**DATA:**
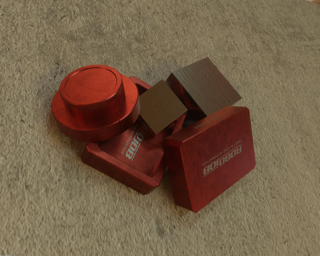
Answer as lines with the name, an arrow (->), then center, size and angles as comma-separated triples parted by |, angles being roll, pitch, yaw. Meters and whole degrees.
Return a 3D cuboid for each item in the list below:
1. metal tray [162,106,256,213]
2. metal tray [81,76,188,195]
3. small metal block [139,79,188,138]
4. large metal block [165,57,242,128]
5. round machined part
metal tray -> 0.067, 0.034, 0.388 | 0.131, 0.030, 0.089 | -25, 112, -36
metal tray -> -0.026, 0.005, 0.384 | 0.090, 0.030, 0.130 | 31, 52, -9
small metal block -> -0.002, -0.024, 0.390 | 0.050, 0.025, 0.050 | -38, 85, -11
large metal block -> 0.057, -0.047, 0.449 | 0.081, 0.050, 0.080 | -30, 79, -38
round machined part -> -0.073, -0.035, 0.349 | 0.099, 0.042, 0.098 | -2, 48, 3
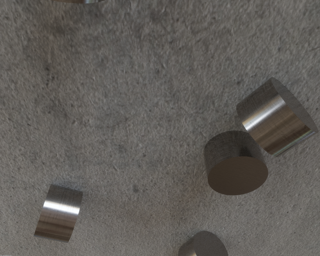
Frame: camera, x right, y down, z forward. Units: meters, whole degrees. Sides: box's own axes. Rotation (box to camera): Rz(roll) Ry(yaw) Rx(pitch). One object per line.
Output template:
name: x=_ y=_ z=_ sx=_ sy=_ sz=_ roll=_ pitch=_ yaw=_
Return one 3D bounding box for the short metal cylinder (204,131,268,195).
short metal cylinder: x=0.104 y=0.050 z=0.435 sx=0.081 sy=0.050 sz=0.079 roll=0 pitch=130 yaw=0

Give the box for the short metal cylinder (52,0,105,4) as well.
short metal cylinder: x=-0.077 y=-0.141 z=0.250 sx=0.081 sy=0.080 sz=0.050 roll=9 pitch=130 yaw=-8

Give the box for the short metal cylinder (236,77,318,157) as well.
short metal cylinder: x=0.136 y=-0.013 z=0.362 sx=0.080 sy=0.080 sz=0.050 roll=33 pitch=123 yaw=-25

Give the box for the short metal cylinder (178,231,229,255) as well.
short metal cylinder: x=0.081 y=0.241 z=0.578 sx=0.080 sy=0.080 sz=0.050 roll=25 pitch=126 yaw=-20

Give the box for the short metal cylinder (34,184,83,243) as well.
short metal cylinder: x=-0.157 y=0.132 z=0.482 sx=0.050 sy=0.080 sz=0.079 roll=18 pitch=128 yaw=-15
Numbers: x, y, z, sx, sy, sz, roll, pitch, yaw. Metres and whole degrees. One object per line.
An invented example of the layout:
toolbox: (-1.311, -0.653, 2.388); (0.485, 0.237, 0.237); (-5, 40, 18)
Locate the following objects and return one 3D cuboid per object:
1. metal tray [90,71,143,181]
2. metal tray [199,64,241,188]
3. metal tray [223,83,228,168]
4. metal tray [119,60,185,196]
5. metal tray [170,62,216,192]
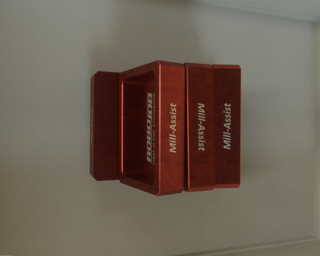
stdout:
metal tray: (-0.040, -0.002, 0.390); (0.091, 0.030, 0.129); (1, 90, -20)
metal tray: (0.065, -0.002, 0.363); (0.030, 0.090, 0.129); (0, 90, -6)
metal tray: (0.045, 0.000, 0.423); (0.091, 0.030, 0.129); (1, 90, -20)
metal tray: (-0.012, 0.000, 0.335); (0.030, 0.090, 0.129); (0, 90, -33)
metal tray: (0.026, 0.000, 0.350); (0.030, 0.090, 0.129); (0, 88, -20)
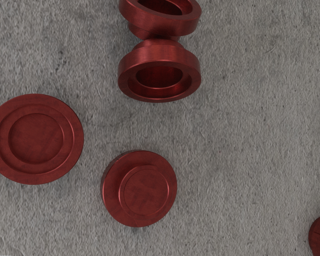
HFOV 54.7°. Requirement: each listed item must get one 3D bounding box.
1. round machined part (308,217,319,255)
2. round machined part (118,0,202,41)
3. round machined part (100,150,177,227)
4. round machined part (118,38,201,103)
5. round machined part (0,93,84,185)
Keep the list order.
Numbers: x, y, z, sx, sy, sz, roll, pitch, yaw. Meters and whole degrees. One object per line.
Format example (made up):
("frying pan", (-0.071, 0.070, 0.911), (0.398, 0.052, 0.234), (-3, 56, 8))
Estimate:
("round machined part", (0.284, 0.182, 0.505), (0.099, 0.042, 0.097), (0, 90, -20))
("round machined part", (-0.002, -0.138, 0.381), (0.099, 0.042, 0.098), (10, 44, -10))
("round machined part", (-0.023, 0.077, 0.392), (0.099, 0.042, 0.097), (0, 90, -20))
("round machined part", (-0.001, -0.071, 0.374), (0.099, 0.098, 0.042), (6, 66, -20))
("round machined part", (-0.139, 0.012, 0.349), (0.099, 0.042, 0.097), (0, 90, -20))

**WHAT YOU HAVE TO DO:** Give the listing again in full, exactly as it is, but without its images.

**SOLUTION FOR THIS TASK:**
Answer as lines with the name, an arrow (->), then center, size and angles as comma-separated triples parted by |, angles being roll, pitch, yaw. Meters and whole degrees.
Return a 3D cuboid for each item in the list below:
1. metal tray [162,106,256,213]
2. metal tray [81,76,188,195]
3. small metal block [139,79,188,138]
4. large metal block [165,57,242,128]
5. round machined part
metal tray -> 0.067, 0.034, 0.388 | 0.131, 0.030, 0.089 | -25, 112, -36
metal tray -> -0.026, 0.005, 0.384 | 0.090, 0.030, 0.130 | 31, 52, -9
small metal block -> -0.002, -0.024, 0.390 | 0.050, 0.025, 0.050 | -38, 85, -11
large metal block -> 0.057, -0.047, 0.449 | 0.081, 0.050, 0.080 | -30, 79, -38
round machined part -> -0.073, -0.035, 0.349 | 0.099, 0.042, 0.098 | -2, 48, 3
Frame: camera, x right, y down, z forward. Units: meters, whole degrees. Sides: box's own axes. Rotation (box to camera): Rz(roll) Ry(yaw) Rx(pitch). One object per line.
Output template:
name: x=_ y=_ z=_ sx=_ sy=_ sz=_ roll=_ pitch=_ yaw=_
Return one 3D bounding box for the short metal cylinder (204,131,268,195).
short metal cylinder: x=0.104 y=0.050 z=0.435 sx=0.081 sy=0.050 sz=0.079 roll=0 pitch=130 yaw=0

Give the box for the short metal cylinder (52,0,105,4) as well.
short metal cylinder: x=-0.077 y=-0.141 z=0.250 sx=0.081 sy=0.080 sz=0.050 roll=9 pitch=130 yaw=-8

Give the box for the short metal cylinder (236,77,318,157) as well.
short metal cylinder: x=0.136 y=-0.013 z=0.362 sx=0.080 sy=0.080 sz=0.050 roll=33 pitch=123 yaw=-25

Give the box for the short metal cylinder (178,231,229,255) as well.
short metal cylinder: x=0.081 y=0.241 z=0.578 sx=0.080 sy=0.080 sz=0.050 roll=25 pitch=126 yaw=-20

Give the box for the short metal cylinder (34,184,83,243) as well.
short metal cylinder: x=-0.157 y=0.132 z=0.482 sx=0.050 sy=0.080 sz=0.079 roll=18 pitch=128 yaw=-15
Numbers: x, y, z, sx, sy, sz, roll, pitch, yaw. Metres and whole degrees. One object per line.
An invented example of the layout:
toolbox: (-1.311, -0.653, 2.388); (0.485, 0.237, 0.237); (-5, 40, 18)
Locate the following objects and return one 3D cuboid per object:
1. metal tray [90,71,143,181]
2. metal tray [199,64,241,188]
3. metal tray [223,83,228,168]
4. metal tray [119,60,185,196]
5. metal tray [170,62,216,192]
stdout:
metal tray: (-0.040, -0.002, 0.390); (0.091, 0.030, 0.129); (1, 90, -20)
metal tray: (0.065, -0.002, 0.363); (0.030, 0.090, 0.129); (0, 90, -6)
metal tray: (0.045, 0.000, 0.423); (0.091, 0.030, 0.129); (1, 90, -20)
metal tray: (-0.012, 0.000, 0.335); (0.030, 0.090, 0.129); (0, 90, -33)
metal tray: (0.026, 0.000, 0.350); (0.030, 0.090, 0.129); (0, 88, -20)
HFOV 54.7°. Requirement: each listed item must get one 3D bounding box.
1. round machined part (308,217,319,255)
2. round machined part (118,0,202,41)
3. round machined part (100,150,177,227)
4. round machined part (118,38,201,103)
5. round machined part (0,93,84,185)
Keep the list order.
Numbers: x, y, z, sx, sy, sz, roll, pitch, yaw. Meters and whole degrees. One object per line.
Format example (made up):
("frying pan", (-0.071, 0.070, 0.911), (0.398, 0.052, 0.234), (-3, 56, 8))
Estimate:
("round machined part", (0.284, 0.182, 0.505), (0.099, 0.042, 0.097), (0, 90, -20))
("round machined part", (-0.002, -0.138, 0.381), (0.099, 0.042, 0.098), (10, 44, -10))
("round machined part", (-0.023, 0.077, 0.392), (0.099, 0.042, 0.097), (0, 90, -20))
("round machined part", (-0.001, -0.071, 0.374), (0.099, 0.098, 0.042), (6, 66, -20))
("round machined part", (-0.139, 0.012, 0.349), (0.099, 0.042, 0.097), (0, 90, -20))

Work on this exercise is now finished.